Xiaoyu calls Zhang and her husband godparents, fondly referring to the “family” of the cafe.
In that family is 20-year-old Liu Guowen, who began working as a barista at Lili Time after quitting a job as a company illustrator. The job was too stressful. When he first came to Lili Time, his demeanor was dour, with few smiles. Nowadays, all that has changed.
Other members of the “silent family” at the cafe are Gao Ting, a barista who loves dancing, and Auntie Yang, who is responsible for cooking and is learning floral design in her spare time. Her teachers are the floral designer Cai Zhenjun, who goes by the nickname Zhujun, and two others with hearing loss. The trio have established a studio called Foru. It focuses on flowers, scented candles and handmade soaps, which are sold at Lili Time.
“Apart from my relatives, the people I connected with most in my hometown were other people with hearing loss,” says Xiaoyu. “If I hadn’t come to Shanghai, I would be working in a local factory. I am grateful that I made the right decision.”
One of the original coffee drinks created by Xiaoyu mixes cow’s milk with soya milk.
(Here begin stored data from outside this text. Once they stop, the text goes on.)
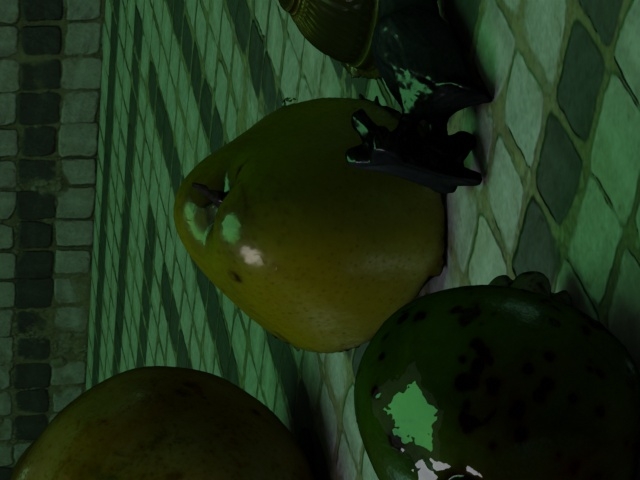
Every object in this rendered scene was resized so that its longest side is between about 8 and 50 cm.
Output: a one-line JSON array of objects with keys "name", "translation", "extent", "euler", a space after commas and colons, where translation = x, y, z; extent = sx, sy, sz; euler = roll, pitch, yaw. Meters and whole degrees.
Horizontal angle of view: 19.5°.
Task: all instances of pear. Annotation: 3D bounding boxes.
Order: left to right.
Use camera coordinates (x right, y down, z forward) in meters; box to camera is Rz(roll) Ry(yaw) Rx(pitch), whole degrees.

Other innovative coffee served at the cafe include one utilizing time-honored White Rabbit-brand candy, one embellished with an attractive strawberry, one with quinoa and oat milk, one flavored with sweet-scented osmanthus and one topped with avocado puree.
The last two drinks were created by A Ken, the first hearing-impaired person Zhang ever met.
“I encountered him in 2013, when I opened another cafe,” says Zhang.
Before leaving the cafe one day, he left a note on the table saying: “I am deaf, but I really like the atmosphere here. Can I learn to make coffee in your cafe?”
Zhang decided to give him a chance, and that gave her the idea of opening a cafe entirely operated by hearing-impaired people.
Her first attempt at that dream ended in failure in 2015 because of high rent and low public acceptance. So she altered her concept and created a space where people with hearing impairment could work side by side with those of normal hearing.
“Lili Time serves as a bridge linking the two groups,” says Zhang.
There are three staff with normal hearing at Lili Time. They are mainly responsible for publicity and operations.
According to Zhang, the staff sit down for a 15-minute coffee break every day to discuss their personal lives.
“I encourage my team to communicate through listening and speaking rather than writing,” says Zhang. “Communication is a very important skill. I want these young people with hearing loss to be able to step confidently into society in the future.”
A “Family Day” activity is held monthly, inviting staff, their family members and the patrons of the cafe to come together.
For “Family Day” in April, every person brought a dish they cooked at home and then voted for the best one. This month, Zhang closed the coffee shop for a day and a half for a staff outing.
“My task is to create a family,” says Zhang. “In my eyes, people with hearing loss are not vulnerable. They are simply people whose language skills are different from ours.”
Lili Time is the city’s first cafe to be designated a Charity and Voluntary Services Center. A total of 67 classes have been offered there, including sign language, Shanghai dialect, Japanese, dancing, make-up, coffee-making and DIY workshops. The teachers are cafe staff, regular customers and retired people living nearby.
The cafe has become a gathering place for neighborhood residents. Four retired people play musical instruments like the saxophone and guitar there every week.
Zhang is not short of ambitions. She now wants to create a training center to teach people with hearing loss how to make coffee.
“Those of us who hear and those of us who don’t need each other,” says Zhang.
“I try to provide a safe and sound environment to help the hearing-impaired hone skills and adopt a good mental outlook. At the same time, they bring a lot to me. I have learned from them to be happier and more grateful for the good things in life.”